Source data
——

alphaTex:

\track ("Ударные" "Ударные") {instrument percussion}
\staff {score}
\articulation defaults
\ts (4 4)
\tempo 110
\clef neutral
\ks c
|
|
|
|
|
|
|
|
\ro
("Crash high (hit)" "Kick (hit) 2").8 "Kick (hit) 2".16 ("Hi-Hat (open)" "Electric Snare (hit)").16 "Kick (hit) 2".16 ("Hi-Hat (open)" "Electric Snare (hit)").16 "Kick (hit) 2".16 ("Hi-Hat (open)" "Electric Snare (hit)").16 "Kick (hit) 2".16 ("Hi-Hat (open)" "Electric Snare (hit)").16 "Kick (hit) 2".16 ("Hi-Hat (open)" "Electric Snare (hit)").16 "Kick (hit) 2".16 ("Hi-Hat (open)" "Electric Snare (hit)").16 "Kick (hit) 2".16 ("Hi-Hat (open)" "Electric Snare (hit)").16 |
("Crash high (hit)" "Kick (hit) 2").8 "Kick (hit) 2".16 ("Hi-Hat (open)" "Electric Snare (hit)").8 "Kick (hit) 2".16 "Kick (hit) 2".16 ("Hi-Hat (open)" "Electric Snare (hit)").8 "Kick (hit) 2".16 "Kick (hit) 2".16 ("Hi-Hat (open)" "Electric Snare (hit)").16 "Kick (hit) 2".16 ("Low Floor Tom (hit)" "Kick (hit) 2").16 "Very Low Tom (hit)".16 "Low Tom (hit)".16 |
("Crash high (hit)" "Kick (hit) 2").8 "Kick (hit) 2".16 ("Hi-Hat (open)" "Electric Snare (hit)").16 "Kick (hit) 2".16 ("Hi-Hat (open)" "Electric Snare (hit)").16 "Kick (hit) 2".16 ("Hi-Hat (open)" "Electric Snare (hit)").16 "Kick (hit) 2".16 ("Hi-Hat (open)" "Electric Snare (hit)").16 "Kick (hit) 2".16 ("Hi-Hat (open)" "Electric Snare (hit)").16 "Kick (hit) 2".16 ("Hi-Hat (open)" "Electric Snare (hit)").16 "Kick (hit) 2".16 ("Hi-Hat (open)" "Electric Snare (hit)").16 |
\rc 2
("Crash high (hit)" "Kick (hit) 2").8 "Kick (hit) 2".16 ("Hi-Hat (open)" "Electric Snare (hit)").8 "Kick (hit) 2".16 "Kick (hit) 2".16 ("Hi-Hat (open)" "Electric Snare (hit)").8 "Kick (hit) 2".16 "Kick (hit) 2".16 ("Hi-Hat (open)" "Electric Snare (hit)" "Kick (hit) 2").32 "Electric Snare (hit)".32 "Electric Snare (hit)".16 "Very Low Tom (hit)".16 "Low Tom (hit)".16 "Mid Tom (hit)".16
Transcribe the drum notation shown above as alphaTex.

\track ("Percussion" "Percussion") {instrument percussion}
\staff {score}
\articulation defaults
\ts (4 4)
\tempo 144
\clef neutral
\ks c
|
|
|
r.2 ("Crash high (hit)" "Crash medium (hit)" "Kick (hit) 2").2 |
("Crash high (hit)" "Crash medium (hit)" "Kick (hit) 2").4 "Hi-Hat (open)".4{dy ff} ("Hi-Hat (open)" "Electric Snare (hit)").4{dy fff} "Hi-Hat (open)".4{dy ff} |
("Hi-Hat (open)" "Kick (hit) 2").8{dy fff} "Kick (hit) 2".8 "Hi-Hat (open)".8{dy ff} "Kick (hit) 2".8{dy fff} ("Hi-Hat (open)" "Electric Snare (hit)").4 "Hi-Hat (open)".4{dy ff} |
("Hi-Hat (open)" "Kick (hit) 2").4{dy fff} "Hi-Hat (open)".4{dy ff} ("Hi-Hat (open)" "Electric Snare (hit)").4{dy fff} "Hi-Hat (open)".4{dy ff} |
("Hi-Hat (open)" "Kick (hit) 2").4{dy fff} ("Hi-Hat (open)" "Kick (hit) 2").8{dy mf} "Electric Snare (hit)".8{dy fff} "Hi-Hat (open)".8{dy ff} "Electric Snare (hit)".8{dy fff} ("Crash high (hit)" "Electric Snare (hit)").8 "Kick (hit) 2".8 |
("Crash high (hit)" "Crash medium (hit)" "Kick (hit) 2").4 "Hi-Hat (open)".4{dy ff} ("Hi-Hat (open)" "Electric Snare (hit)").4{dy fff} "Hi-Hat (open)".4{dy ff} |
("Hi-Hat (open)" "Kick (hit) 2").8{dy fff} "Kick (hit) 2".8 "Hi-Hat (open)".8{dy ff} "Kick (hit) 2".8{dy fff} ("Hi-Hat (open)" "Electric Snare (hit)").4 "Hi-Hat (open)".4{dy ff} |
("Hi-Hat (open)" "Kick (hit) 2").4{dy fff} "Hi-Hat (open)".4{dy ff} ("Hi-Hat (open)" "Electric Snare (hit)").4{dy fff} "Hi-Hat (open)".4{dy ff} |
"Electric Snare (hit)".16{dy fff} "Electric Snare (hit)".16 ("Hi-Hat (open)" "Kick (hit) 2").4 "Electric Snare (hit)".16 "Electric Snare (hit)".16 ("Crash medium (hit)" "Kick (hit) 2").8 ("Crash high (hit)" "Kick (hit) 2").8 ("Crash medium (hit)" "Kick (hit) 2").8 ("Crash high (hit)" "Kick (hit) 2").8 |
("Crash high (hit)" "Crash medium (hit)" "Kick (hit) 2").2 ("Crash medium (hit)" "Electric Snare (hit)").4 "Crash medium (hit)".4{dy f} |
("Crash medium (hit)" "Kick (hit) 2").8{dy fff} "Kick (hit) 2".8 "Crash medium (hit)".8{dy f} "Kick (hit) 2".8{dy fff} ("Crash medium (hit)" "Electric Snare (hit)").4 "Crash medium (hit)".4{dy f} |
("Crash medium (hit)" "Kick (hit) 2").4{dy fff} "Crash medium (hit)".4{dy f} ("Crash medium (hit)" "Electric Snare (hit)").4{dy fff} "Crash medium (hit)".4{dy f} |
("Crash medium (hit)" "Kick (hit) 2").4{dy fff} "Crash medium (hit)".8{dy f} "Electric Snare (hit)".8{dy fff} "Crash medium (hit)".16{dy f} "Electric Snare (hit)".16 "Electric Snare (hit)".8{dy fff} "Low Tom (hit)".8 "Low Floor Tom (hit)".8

——

**Requirement:** Among the lines of the preceding data, which ones hold the word "track"? List them.

**Expected answer:**
\track ("Ударные" "Ударные") {instrument percussion}
\track ("Percussion" "Percussion") {instrument percussion}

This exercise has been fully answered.